We continued the design. Part of the team was a group of sociologists and psychologists. Ordinarily, an engineer is concerned with the way a product fits into the clients life. Ergonomics, economics, aesthetics. Here, our aesthetic was how the product will not fit in, and how no one will make it try to fit in. We performed routine testing, which was, amazingly enough, filmed and shown to anyone who asked. The videos look like the rocket is flying normally and hitting the target as planned. If you look for it, you can make out the man with the rocket launcher who looks like he’s pointing directly at the path of the missile. Who would ever think to look for that, though?

 

Then Mr. Brown decided to demonstrate his sentience.

Our device had been in place long before Brown tried to make a break for it. Who knows how he managed it, either? Nothing is foolproof, which is why we make things redundant, and so like magic, like nothing about the event could be questioned, our device assassinated the sentient Mr. Brown. He was vaporized. The limited footage of the event makes it look like a foreign object, a plane, is on a collision course, and then hits, just like the test reel.

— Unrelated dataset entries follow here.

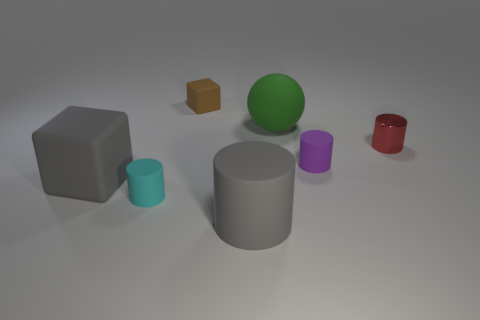Are there more big matte cubes than big cyan rubber cubes? Upon reviewing the image, it appears that there is only one big matte cube and no big cyan rubber cubes, so indeed, there are more big matte cubes than big cyan rubber cubes. 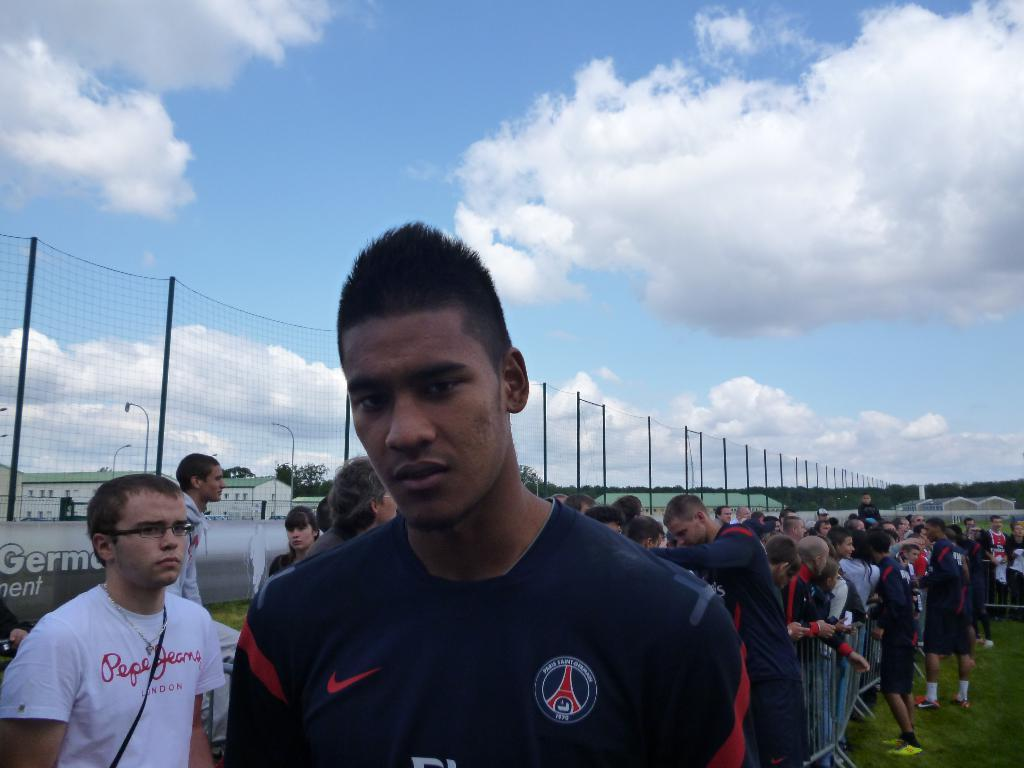How many people are in the image? There are people in the image, but the exact number is not specified. What is one person wearing in the image? One person is wearing a jersey in the image. What can be seen in the background of the image? There is a fence in the background of the image. What is the condition of the sky in the image? The sky is clear in the image. What type of map can be seen in the image? There is no map present in the image. How does the taste of the jersey worn by the person in the image compare to that of a wheel? The taste of the jersey cannot be determined, as it is not an edible item, and there is no wheel present in the image. 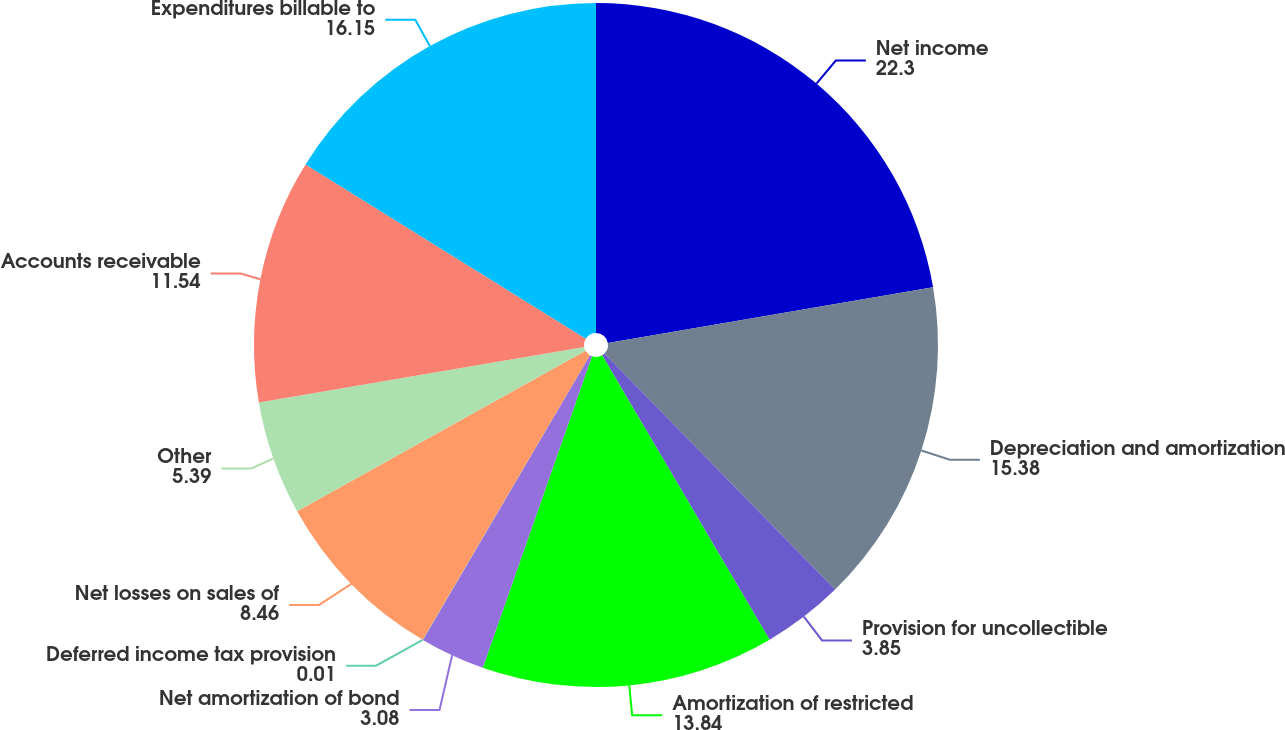<chart> <loc_0><loc_0><loc_500><loc_500><pie_chart><fcel>Net income<fcel>Depreciation and amortization<fcel>Provision for uncollectible<fcel>Amortization of restricted<fcel>Net amortization of bond<fcel>Deferred income tax provision<fcel>Net losses on sales of<fcel>Other<fcel>Accounts receivable<fcel>Expenditures billable to<nl><fcel>22.3%<fcel>15.38%<fcel>3.85%<fcel>13.84%<fcel>3.08%<fcel>0.01%<fcel>8.46%<fcel>5.39%<fcel>11.54%<fcel>16.15%<nl></chart>

The part of the event that I did not engineer was the extra coordinated event. Apparently, someone had gone over my head and had decided that simply making our event look like a plane crash would not be enough to convince people. They had to be damn sure it was terrorists, and what better way than to actually use some? I could see the elegance in employing one’s alleged enemy to one’s benefit, but that’s the last objective thought I ever had about the design process.

 

Mine is a job from which there is no resigning, but after all, I am an engineer, and finding practical solutions to complicated problems is what I do. I had the deaths of thousands of innocents on my head, and one captive. Someone will know. Even if my employers find this note before the police, someone will know. And that is how I will resign, the last step a designer ever takes.
Suicide.

 

>Suspect found, shot to death. Single wound to the head indicates suicide. Federal authorities released a video showing victim shooting himself. Note seen in video has not been released. Curious wound pattern indicates shot entered from expected point of exit.